Reanalysis of the Bridge et al. study of suicide following release of 13 Reasons Why
Authors:
Daniel Romer aff001
Authors place of work:
Annenberg Public Policy Center, University of Pennsylvania, Philadelphia, Pennsylvania, United States of America
aff001
Published in the journal:
PLoS ONE 15(1)
Category:
Research Article
doi:
https://doi.org/10.1371/journal.pone.0227545
Summary
Bridge et al. recently presented a time series analysis of suicide rates in the US following the release of the 2017 Netflix series “13 Reasons Why.” Their analysis found a powerful effect of the show on boys ages 10–17 for nine months after the show was released in April 2017. I questioned this finding on two grounds. First, contagion would be expected to be stronger for girls than boys for this story, and second their analysis did not take into account strong secular trends in suicide, especially in boys from 2016 to 2017. I reanalyzed their data using a simple auto-regression model that tested for changes in rates after removing auto-correlation and national trends in suicide. I found that the increase for boys observed by Bridge et al. in April was no greater than the increase observed during the prior month before the show was released. There were also no effects in later months of that year. For girls, I found a small but nonsignificant increase in suicide in April that was unique to that month, potentially consistent with a combined protective and harmful effect of the show. In total, I conclude that it is difficult to attribute harmful effects of the show using aggregate rates of monthly suicide rates. More fine-grained analyses at the weekly level may be more valid but only after controlling for secular changes in suicide that have been particularly strong since 2008 in the US.
Keywords:
Death rates – Hospitals – Age groups – Mass media – suicide – Self harm – Time series analysis – Forecasting
Introduction
A recent analysis [1] found an increase in aggregate suicide rates among youth ages 10 to 17 in the months following the release of the first season of the Netflix series “13 Reasons Why” (13RW). This increase was surprising in that it was unique to male youth when the show focused on the suicide death of a high school girl and the many classmates whom she blamed for instigating her death.
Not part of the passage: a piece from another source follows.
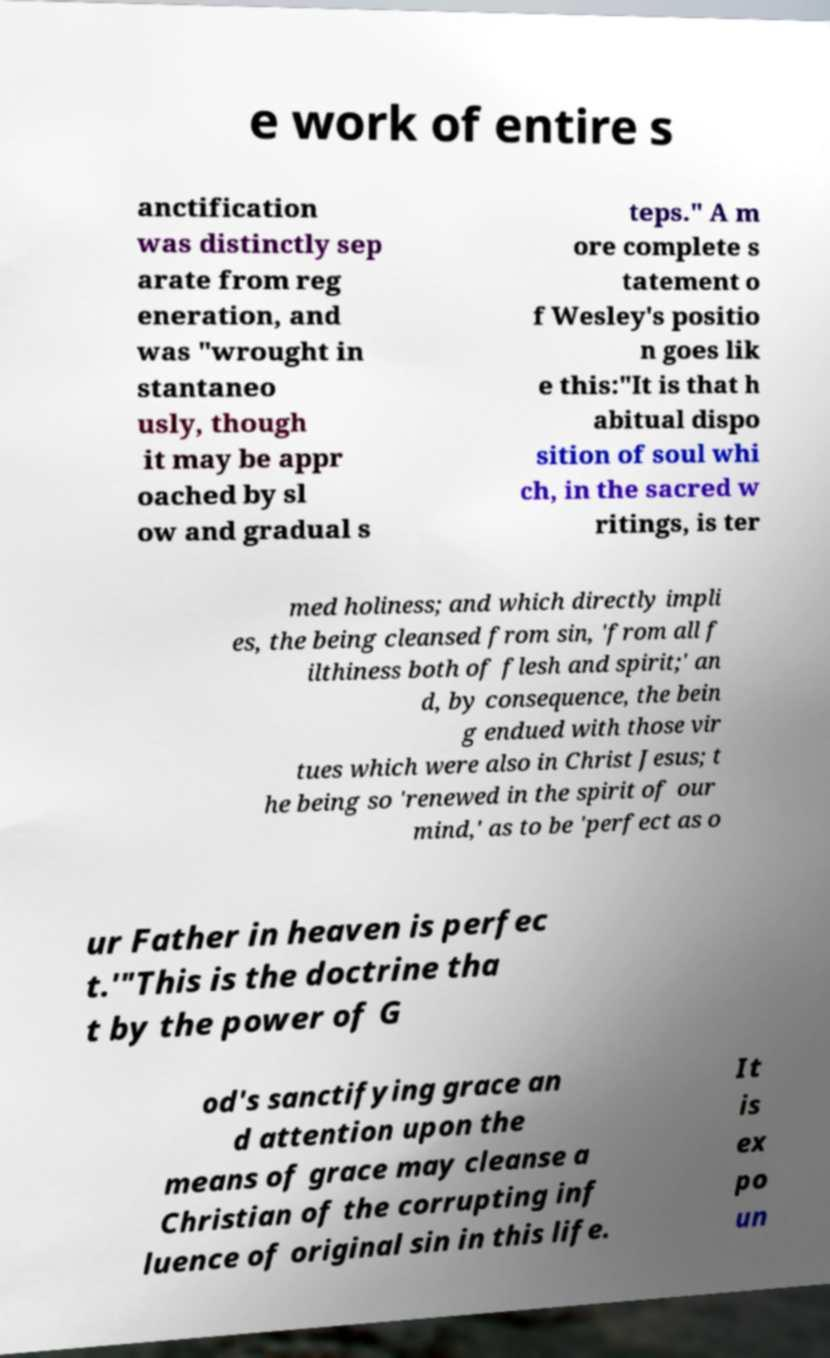For documentation purposes, I need the text within this image transcribed. Could you provide that? e work of entire s anctification was distinctly sep arate from reg eneration, and was "wrought in stantaneo usly, though it may be appr oached by sl ow and gradual s teps." A m ore complete s tatement o f Wesley's positio n goes lik e this:"It is that h abitual dispo sition of soul whi ch, in the sacred w ritings, is ter med holiness; and which directly impli es, the being cleansed from sin, 'from all f ilthiness both of flesh and spirit;' an d, by consequence, the bein g endued with those vir tues which were also in Christ Jesus; t he being so 'renewed in the spirit of our mind,' as to be 'perfect as o ur Father in heaven is perfec t.'"This is the doctrine tha t by the power of G od's sanctifying grace an d attention upon the means of grace may cleanse a Christian of the corrupting inf luence of original sin in this life. It is ex po un 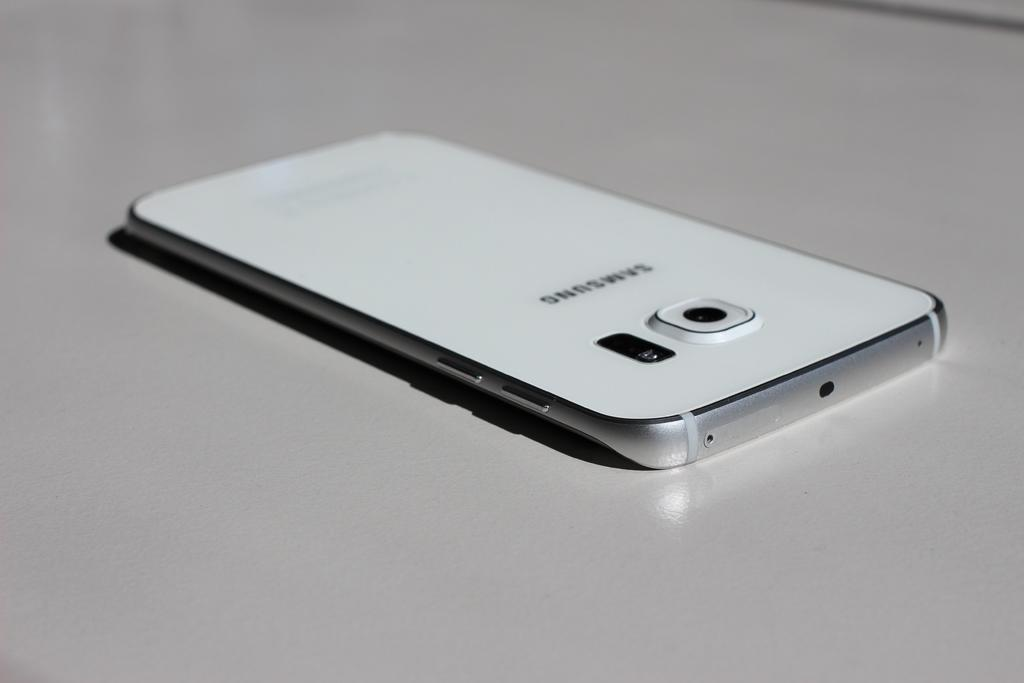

I reexamine the finding with regard to what can constitute evidence of contagion and how the recent trends in suicide in youth need to be considered when attributing changes in suicide rates to media events such as 13RW. A reanalysis controlling for those trends finds no evidence for boys and the possibility of an effect for girls.
Contagion effects on suicide
The evidence for suicide contagion is strong especially for news reporting [2], but many instances of contagion from fictional portrayals have also been observed. Indeed, the classic case of such contagion led to the coining of the label, the Werther effect. In “The Sorrows of Young Werther”, a novel written in 1774 by the up-and-coming German writer Johann Wolfgang von Goethe, a young man ends his life on Christmas Eve after being rejected by his love interest and experiencing other humiliations. The story was said to trigger suicides among young men of a similar age at the time and led to the banning of the book in some countries [3].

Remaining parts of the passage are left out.